Kornacher: Der Stellenwert der Selbsthilfegruppen liegt in der sogenannten Sekundärprävention, das heißt durch den Austausch zwischen Menschen, die bereits von der Depression betroffen sind, wieder zur Besserung beizutragen oder nicht erneut zu erkranken.

 

Wann soll man mit der Prävention einer Depression beginnen?

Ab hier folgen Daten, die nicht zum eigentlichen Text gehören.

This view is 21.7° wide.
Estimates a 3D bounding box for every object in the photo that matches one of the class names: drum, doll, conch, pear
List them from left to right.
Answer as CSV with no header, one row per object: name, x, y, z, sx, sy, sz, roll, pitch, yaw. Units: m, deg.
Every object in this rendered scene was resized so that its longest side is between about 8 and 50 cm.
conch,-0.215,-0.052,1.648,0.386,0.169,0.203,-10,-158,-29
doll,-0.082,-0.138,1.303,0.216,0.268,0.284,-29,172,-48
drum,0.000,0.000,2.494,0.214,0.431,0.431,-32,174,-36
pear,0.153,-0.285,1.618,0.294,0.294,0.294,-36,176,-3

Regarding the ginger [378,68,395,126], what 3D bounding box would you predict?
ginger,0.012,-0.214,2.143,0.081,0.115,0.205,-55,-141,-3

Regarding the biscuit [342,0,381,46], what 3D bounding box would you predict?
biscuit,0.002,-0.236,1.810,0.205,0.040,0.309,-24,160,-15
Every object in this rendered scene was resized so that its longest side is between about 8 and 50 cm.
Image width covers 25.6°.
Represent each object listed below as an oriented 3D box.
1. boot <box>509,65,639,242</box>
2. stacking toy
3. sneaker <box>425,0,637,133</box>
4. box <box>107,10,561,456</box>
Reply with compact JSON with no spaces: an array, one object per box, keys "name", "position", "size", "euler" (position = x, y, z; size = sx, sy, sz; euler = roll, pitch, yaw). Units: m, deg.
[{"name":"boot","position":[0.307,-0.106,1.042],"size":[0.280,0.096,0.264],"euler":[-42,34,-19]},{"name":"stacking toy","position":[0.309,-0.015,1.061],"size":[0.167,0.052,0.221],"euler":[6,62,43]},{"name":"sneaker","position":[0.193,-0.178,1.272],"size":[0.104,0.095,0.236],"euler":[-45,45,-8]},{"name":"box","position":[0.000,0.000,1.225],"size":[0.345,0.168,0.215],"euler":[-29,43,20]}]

Kornacher: Jetzt, gleich! Es ist nie zu früh und selten zu spät. Das bedeutet übrigens auch, dass wir uns auch für unsere Nachkommen heute schon darum bemühen sollten, noch bevor unsere Kinder geboren oder überhaupt geplant sind: Die noch sehr neuen Erkenntnisse der jungen Wissenschaft Epigenetik, die sich mit den Auswirkungen unseres Verhaltens auf unsere Gene befasst, belegen in überwältigender Weise, dass unser heutiges Verhalten in vielfältiger Weise unsere Gene unmittelbar verändert, und dass wir dadurch sowohl die Neigung zu Gesundheit als auch zu Krankheit an die kommende Generation weitergebe. Wir nehmen durch unseren Umgang mit Stress und mit uns selbst also heute schon direkt Einfluss auf das Leben unserer Nachkommen in einigen Jahrzehnten! Hinzu kommt dann noch, dass Heranwachsende vor allem in den ersten Jahren durch unmittelbares Erleben und Nachahmen der Eltern geprägt werden, die unausweichlich deren maßgeblichen Vorbilder sind.